Data entries:
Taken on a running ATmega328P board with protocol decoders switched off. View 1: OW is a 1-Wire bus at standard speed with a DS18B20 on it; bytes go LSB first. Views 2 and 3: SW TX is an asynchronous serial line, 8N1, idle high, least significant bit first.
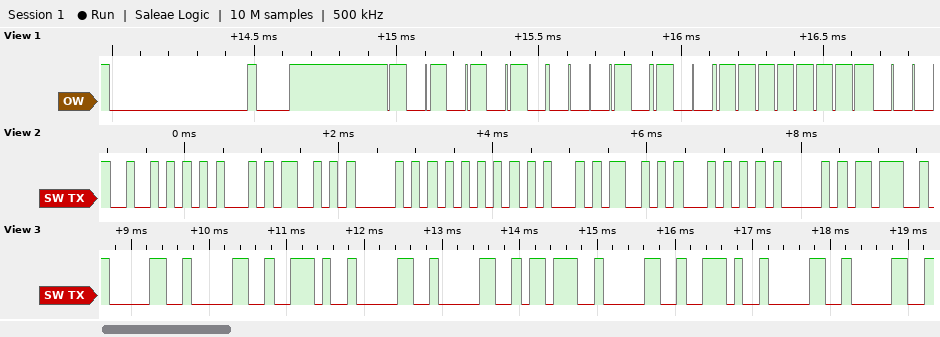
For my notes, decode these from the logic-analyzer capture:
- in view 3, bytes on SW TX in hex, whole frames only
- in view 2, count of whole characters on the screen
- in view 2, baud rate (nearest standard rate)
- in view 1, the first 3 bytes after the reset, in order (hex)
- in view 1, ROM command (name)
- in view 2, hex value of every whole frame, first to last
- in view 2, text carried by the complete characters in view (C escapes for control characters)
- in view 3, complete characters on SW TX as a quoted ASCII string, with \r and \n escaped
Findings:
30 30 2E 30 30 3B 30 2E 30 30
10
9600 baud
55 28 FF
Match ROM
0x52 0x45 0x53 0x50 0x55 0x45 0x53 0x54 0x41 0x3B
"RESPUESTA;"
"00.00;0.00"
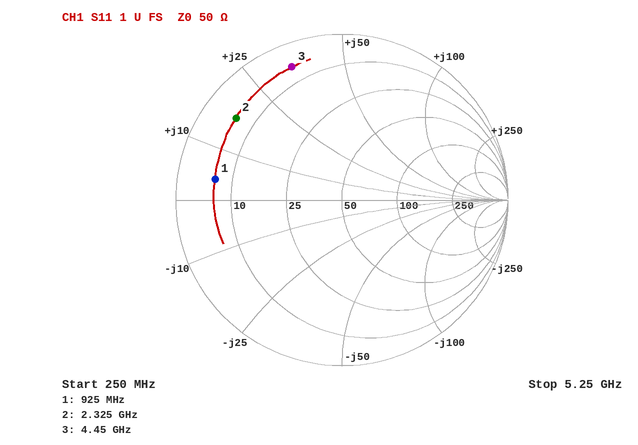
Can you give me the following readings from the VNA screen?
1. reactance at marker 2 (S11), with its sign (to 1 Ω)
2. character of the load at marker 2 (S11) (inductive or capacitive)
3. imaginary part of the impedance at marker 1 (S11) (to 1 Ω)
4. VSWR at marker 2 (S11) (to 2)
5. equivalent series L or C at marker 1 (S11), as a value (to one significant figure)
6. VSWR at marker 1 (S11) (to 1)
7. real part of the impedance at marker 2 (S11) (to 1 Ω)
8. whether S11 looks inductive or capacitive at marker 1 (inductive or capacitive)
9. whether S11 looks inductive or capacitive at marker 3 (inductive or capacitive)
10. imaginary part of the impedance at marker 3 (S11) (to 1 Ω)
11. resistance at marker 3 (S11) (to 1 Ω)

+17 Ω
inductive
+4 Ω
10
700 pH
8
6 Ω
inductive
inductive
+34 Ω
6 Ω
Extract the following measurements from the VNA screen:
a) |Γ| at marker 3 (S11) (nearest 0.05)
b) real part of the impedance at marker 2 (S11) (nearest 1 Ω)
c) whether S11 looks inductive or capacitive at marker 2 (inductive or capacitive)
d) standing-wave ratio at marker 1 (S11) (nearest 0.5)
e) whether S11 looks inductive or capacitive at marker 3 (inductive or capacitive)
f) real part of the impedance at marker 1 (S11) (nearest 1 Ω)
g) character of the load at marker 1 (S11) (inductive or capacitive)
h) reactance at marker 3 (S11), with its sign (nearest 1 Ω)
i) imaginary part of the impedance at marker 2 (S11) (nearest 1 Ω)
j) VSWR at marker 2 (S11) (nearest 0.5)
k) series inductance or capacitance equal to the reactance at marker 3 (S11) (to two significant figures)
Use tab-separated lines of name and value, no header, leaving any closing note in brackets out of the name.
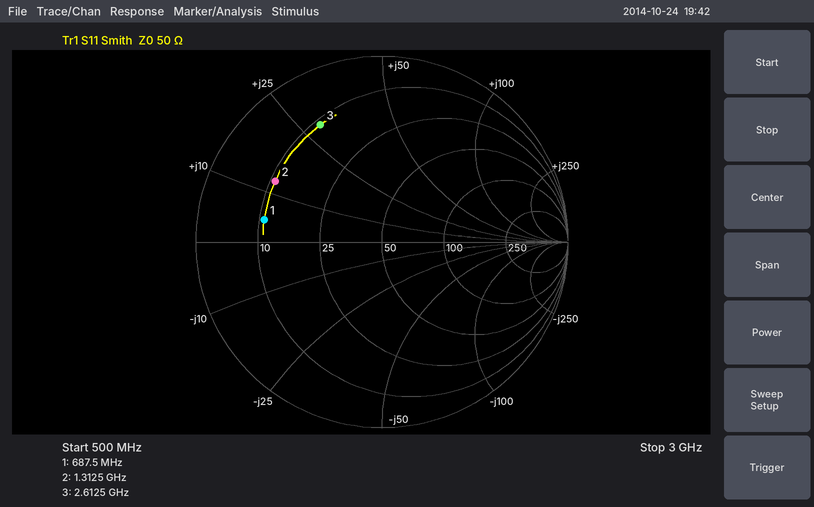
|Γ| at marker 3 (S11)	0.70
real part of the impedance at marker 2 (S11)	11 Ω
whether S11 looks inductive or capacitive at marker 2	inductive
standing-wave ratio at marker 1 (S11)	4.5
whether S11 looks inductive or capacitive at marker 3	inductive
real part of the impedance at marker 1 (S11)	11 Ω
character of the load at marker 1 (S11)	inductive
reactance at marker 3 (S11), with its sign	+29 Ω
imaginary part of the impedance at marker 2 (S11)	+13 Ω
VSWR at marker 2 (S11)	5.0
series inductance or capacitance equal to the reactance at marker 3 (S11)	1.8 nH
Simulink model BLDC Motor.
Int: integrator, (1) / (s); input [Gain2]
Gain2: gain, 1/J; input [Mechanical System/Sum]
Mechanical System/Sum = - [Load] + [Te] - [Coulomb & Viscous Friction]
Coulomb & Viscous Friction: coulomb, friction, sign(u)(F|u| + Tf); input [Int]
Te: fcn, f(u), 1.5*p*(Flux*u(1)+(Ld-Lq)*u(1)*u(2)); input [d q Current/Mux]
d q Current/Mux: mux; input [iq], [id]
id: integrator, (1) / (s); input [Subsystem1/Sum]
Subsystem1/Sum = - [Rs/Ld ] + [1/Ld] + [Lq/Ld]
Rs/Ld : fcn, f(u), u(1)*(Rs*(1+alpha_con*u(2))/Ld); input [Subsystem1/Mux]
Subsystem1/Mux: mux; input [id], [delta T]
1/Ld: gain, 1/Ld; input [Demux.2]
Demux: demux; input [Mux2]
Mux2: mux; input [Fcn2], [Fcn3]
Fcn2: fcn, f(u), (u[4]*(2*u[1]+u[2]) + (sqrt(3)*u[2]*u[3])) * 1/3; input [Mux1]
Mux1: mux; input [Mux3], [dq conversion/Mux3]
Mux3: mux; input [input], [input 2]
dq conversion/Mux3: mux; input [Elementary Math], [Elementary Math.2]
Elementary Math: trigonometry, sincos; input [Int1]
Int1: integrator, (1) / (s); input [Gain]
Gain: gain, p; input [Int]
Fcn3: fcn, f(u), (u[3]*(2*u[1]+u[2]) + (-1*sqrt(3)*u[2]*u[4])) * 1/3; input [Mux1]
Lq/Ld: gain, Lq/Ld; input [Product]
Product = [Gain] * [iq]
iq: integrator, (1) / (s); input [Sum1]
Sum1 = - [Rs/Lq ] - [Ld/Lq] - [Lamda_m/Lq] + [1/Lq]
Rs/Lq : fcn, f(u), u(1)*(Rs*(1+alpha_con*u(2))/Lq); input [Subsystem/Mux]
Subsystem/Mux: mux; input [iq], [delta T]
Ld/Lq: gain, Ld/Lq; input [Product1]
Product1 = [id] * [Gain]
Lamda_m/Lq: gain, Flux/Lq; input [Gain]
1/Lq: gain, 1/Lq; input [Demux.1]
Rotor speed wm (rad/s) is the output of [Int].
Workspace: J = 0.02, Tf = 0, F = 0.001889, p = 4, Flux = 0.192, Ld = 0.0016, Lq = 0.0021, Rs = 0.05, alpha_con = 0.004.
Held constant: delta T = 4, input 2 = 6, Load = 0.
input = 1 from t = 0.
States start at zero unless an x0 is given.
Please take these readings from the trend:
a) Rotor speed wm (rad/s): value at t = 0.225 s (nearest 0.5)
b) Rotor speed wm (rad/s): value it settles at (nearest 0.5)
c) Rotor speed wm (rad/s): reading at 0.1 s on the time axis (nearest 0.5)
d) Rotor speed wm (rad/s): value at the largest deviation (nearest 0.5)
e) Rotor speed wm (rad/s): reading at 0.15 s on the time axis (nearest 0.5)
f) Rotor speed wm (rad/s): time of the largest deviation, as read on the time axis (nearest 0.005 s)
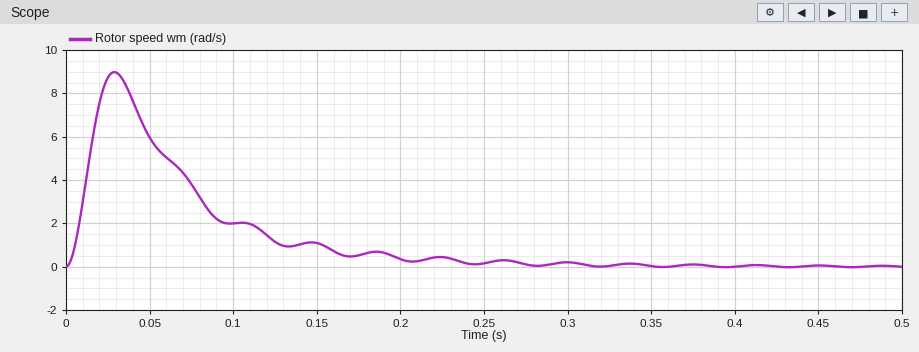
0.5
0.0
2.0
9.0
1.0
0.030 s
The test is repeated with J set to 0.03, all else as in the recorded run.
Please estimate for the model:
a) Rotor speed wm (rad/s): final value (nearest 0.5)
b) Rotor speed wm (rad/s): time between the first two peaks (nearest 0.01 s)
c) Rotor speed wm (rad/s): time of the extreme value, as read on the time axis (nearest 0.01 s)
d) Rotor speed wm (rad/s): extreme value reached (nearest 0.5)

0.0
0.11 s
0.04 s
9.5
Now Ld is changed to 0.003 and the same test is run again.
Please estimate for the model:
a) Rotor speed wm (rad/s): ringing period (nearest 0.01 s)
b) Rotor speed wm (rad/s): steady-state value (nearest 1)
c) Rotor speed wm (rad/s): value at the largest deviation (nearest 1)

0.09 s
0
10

TASK REQUIREMENTS: For this exercise, output exactly the lines above from the line with "input = 1 from t = 0." to the line with "c) Rotor speed wm (rad/s): reading", counting both, and leave out the rest.

WRITTEN ANSWER:
input = 1 from t = 0.
States start at zero unless an x0 is given.
Please take these readings from the trend:
a) Rotor speed wm (rad/s): value at t = 0.225 s (nearest 0.5)
b) Rotor speed wm (rad/s): value it settles at (nearest 0.5)
c) Rotor speed wm (rad/s): reading at 0.1 s on the time axis (nearest 0.5)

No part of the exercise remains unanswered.